Problem Manager

The problem manager is a key role within a company’s IT Service Management (ITSM) organization. Their primary task is to prevent incidents from happening as well as minimizing the impact of incidents that can’t be prevented. The problem manager identifies, prioritizes and assigns responsibility for problems and then manages them through the entire process to solution. A key part of the role is creating and managing a knowledge base to maintain the information about known errors and workarounds for the service desk and self-service portals to use.

Key Activities

There is often confusion about a problem manager’s day-to-day activities. The problem manager is not there to solve problems. The problem manager is responsible for analyzing incident trends, identifying repeat incidents and determining where the application of problem-solving efforts will reap the biggest benefits for the organization. A problem manager works throughout the entire organization, leveraging other resources for knowledge, skills and assistance in the diagnostic process.

 

Working Environment

The problem manager is responsible for assembling a big-picture perspective, gathering data from different sources, interpreting meaning, projecting possible outcomes, assessing impact, evaluating alternatives, managing a portfolio and recommending priorities for problem resolution. To do this effectively, he or she must collaborate with many other service management roles. Two of the roles with which he or she works closest are the incident management team, analyzing incident records to identify repeat incidents, and the change management team as they implement permanent fixes to problems. Problem managers must also understand the business’ goals by working with business leaders to understand the impact of problems, so they can correctly prioritize problems for resolution.

Value of a Problem Manager role in the organization

The problem manager is responsible for assembling a big-picture perspective, gathering data from different sources, interpreting meaning, projecting possible outcomes, assessing impact, evaluating alternatives, managing a portfolio and recommending priorities for problem resolution. To do this effectively, he or she must collaborate with many other service management roles.

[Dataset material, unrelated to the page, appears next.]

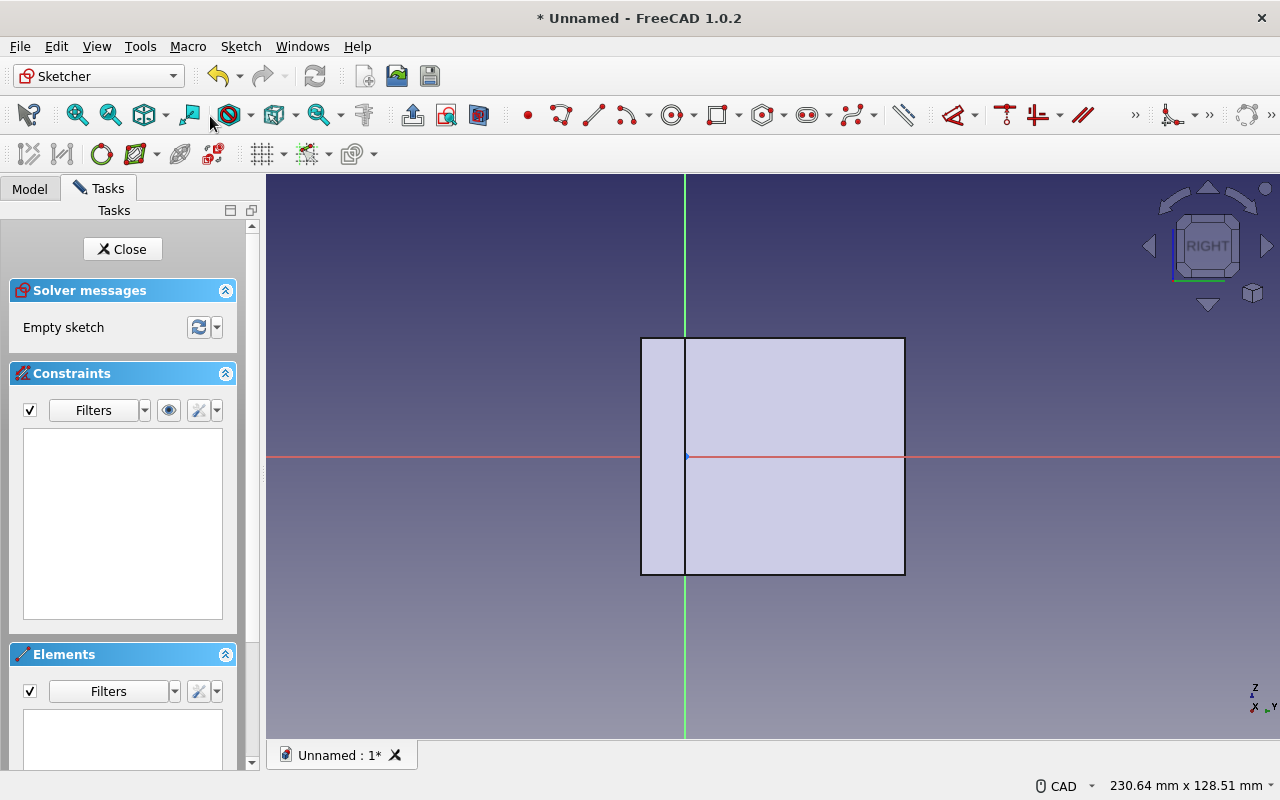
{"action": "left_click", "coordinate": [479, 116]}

Two of the roles with which he or she works closest are the incident management team, analyzing incident records to identify repeat incidents, and the change management team as they implement permanent fixes to problems. Problem managers must also understand the business’ goals by working with business leaders to understand the impact of problems, so they can correctly prioritize problems for resolution.

Improved quality of services and solutions

Repeat incidents cause frustration for staff and customers and they ultimately affect the bottom line of the business, by increasing costs and/or decreasing customer satisfaction and retention. These impacts can be minimized when an organization focuses on eliminating repeat incidents and when the problem manager leads this effort. If an organization decides to implement a proactive problem management strategy, then repeat incidents can be avoided and potential negative effects can be eliminated. The results of these efforts are improved quality and reliability of the services and solutions for users.

Manage organizational risks

The problem manager has a critical responsibility for managing and mitigating organizational risks. Major incidents can have a huge impact on the reputation and financial performance of an organization while minor incidents can significantly decrease the organization’s productivity. It is not possible to avoid all incidents. The problem manager is responsible for understanding the potential technical issues the company may encounter, assessing likelihood and impact to understand the overall risk exposure and to develop an appropriate set of remediation plans.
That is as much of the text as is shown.